Solo nei primi sei mesi del 2015 si sono verificati 721 attacchi terroristici, contro i 155 registrati nello stesso arco di tempo nel 2014 e i 36 del 2013. Se negli anni precedenti questi si erano concentrati soprattutto nella provincia del Nord Sinai ( dove nel 2013 si sono verificati il 67% degli incidenti e nel 2014 il 42%) lo scorso anno solo un terzo degli attacchi si è rivolto a questa provincia, confermando che la violenza si è estesa sempre di più a quelle regioni che negli anni precedenti erano ritenute più sicure.

L'OFFENSIVA
Per rispondere a queste minacce, il Cairo ha intrapreso una serie di campagne anti-terrorismo, in primis nel Sinai. Prima del crollo, il 31 ottobre, dell'aereo russo decollato dall'aeroporto di Sharm El Sheikh, queste sembravano essere riuscite se non altro a contenere l'avanzata di Wilayat al-Sinai, la cellula egiziana fedele alle truppe dell'autoproclamatosi “Stato islamico”. Il giallo attorno a questo evento nel quale hanno perso la vita 224 persone ha però messo in dubbio non solo la conoscenza egiziana dei networks jihadisti e delle loro capacità di sviluppo, ma anche il funzionamento e la lealtà del sistema di intelligence e di sicurezza nazionale. Ed è proprio sfruttando al meglio il dossier della lotta al Califfato e descrivendo l'Egitto come la pedina in grado di scongiurare il caos regionale che Al Sisi è riuscito a ottenere il sostegno delle cancellerie occidentali. In primis quella italiana, visto che Matteo Renzi è stato il primo leader occidentale ad atterrare al Cairo, nell'agosto 2014, per stringere le mani all'ex generale Al Sisi divenuto da poco nuovo raìs.
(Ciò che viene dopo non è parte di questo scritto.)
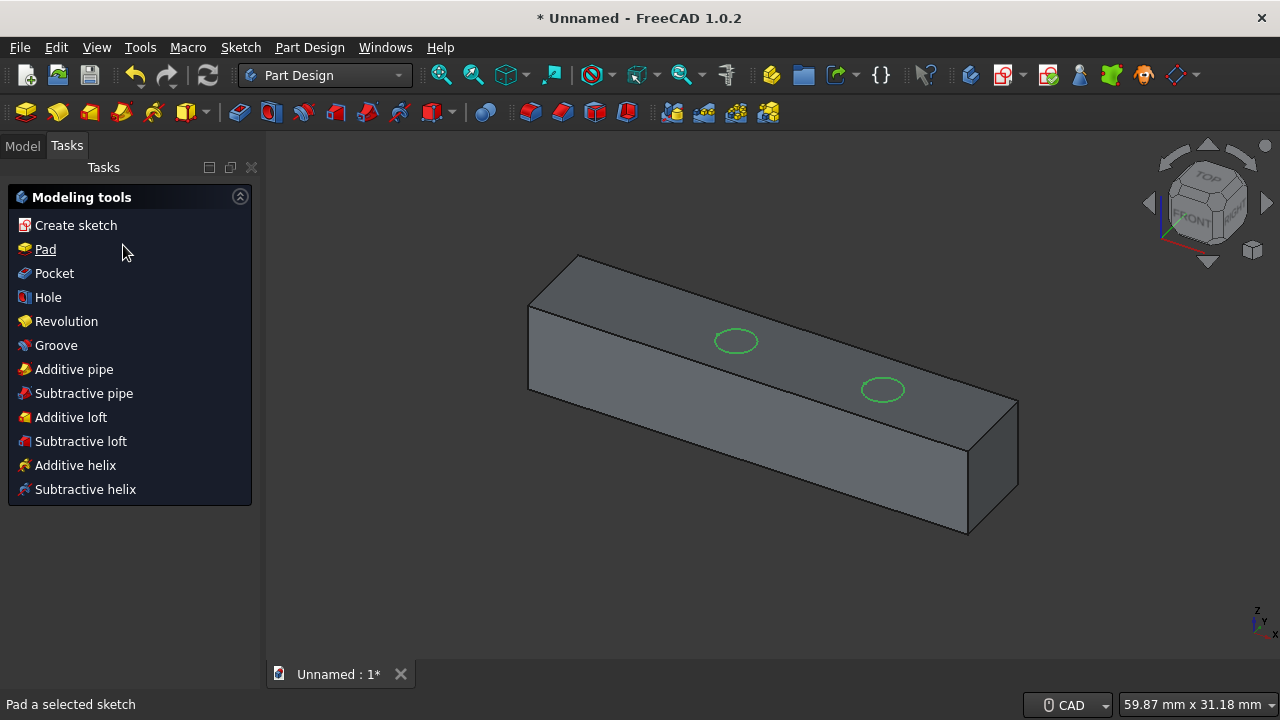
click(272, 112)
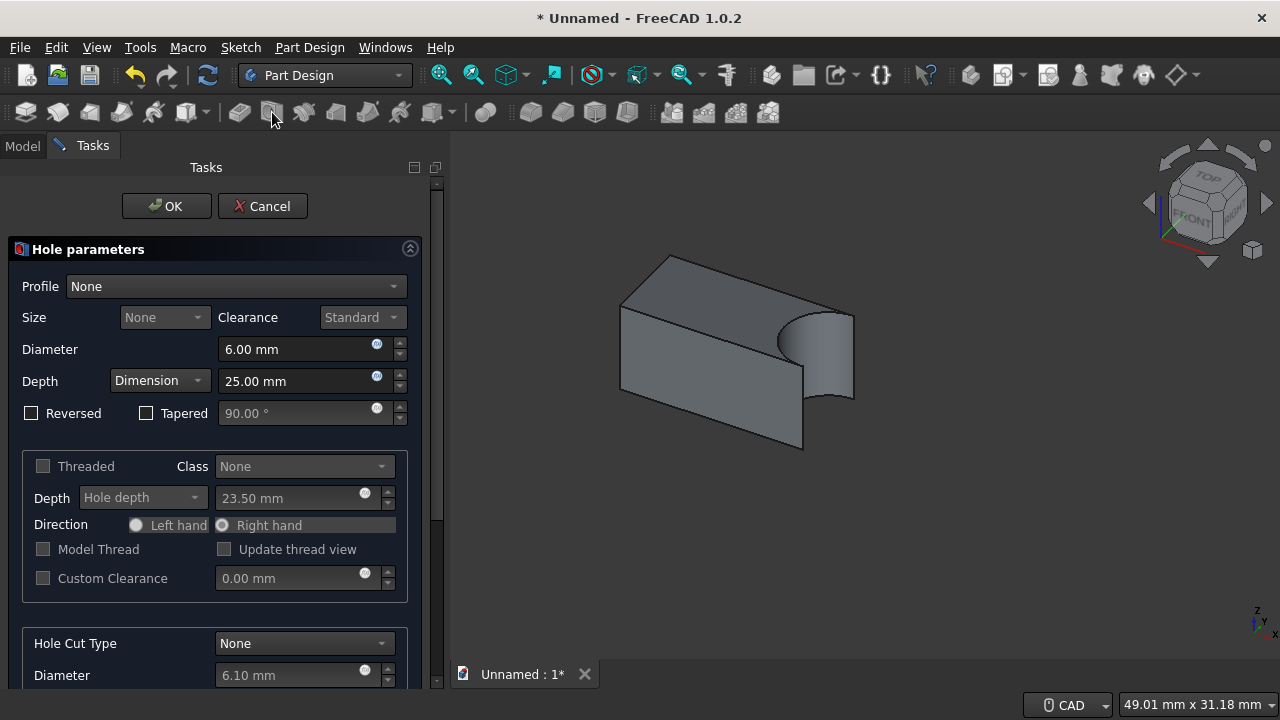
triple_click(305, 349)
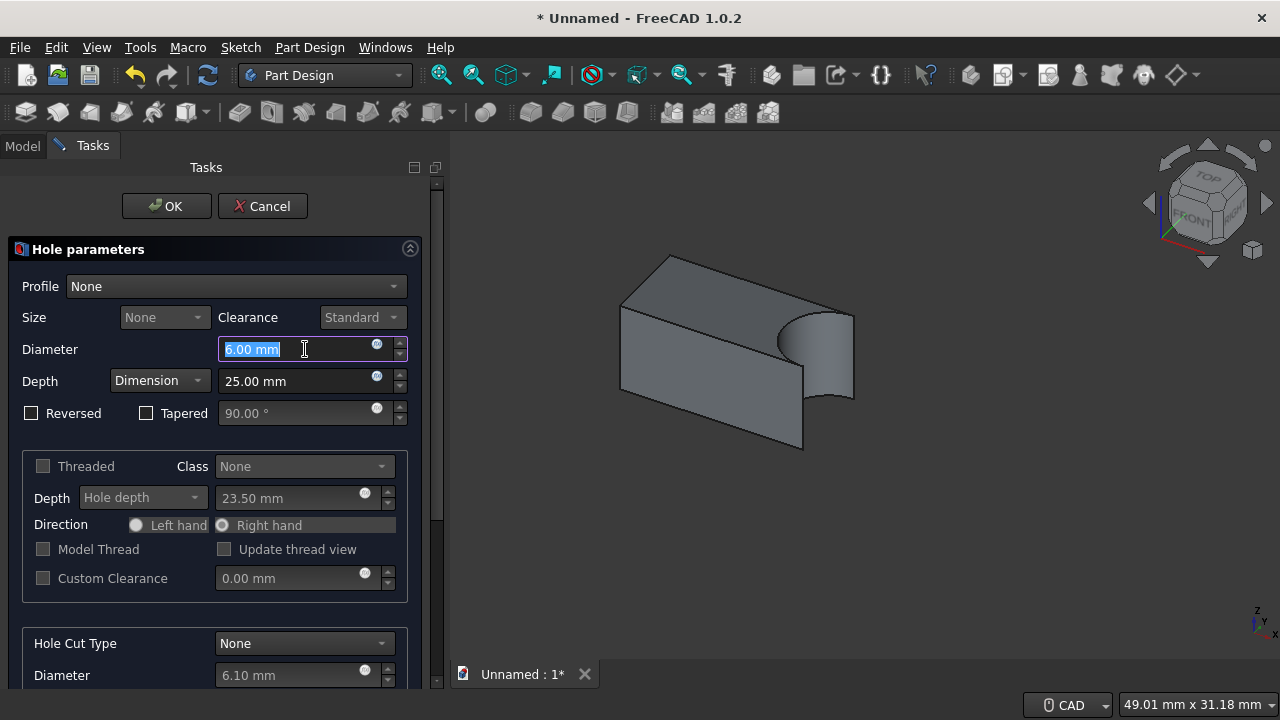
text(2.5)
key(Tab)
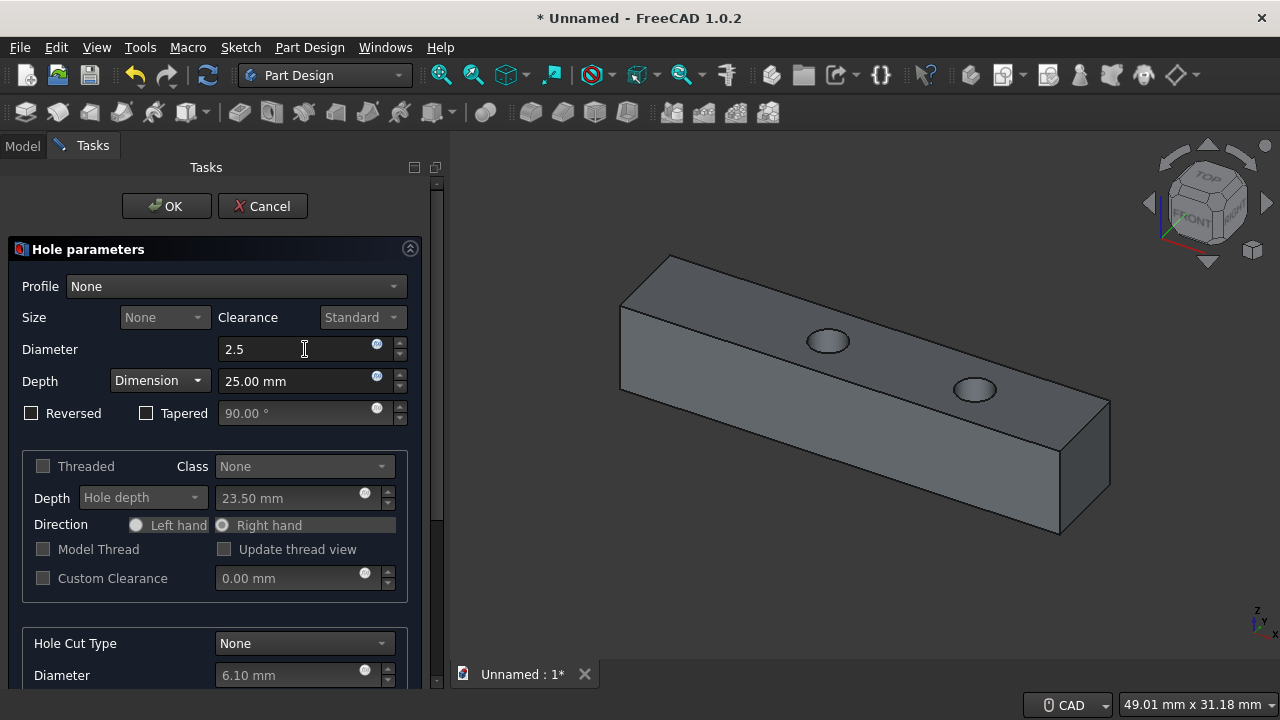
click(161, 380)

Il nuovo regime egiziano suscita però molte perplessità. La feroce repressione contro i Fratelli Musulmani (che pur clandestini stanno riorganizzando la loro leadership), i giornalisti, gli sparuti e sprovveduti liberali del Paese svela infatti l'emergere di un regime autoritario e non inclusivo. La sua stabilità ha non solo un prezzo altissimo in termini di diritti umani, ma anche una dubbia sostenibilità nel lungo periodo.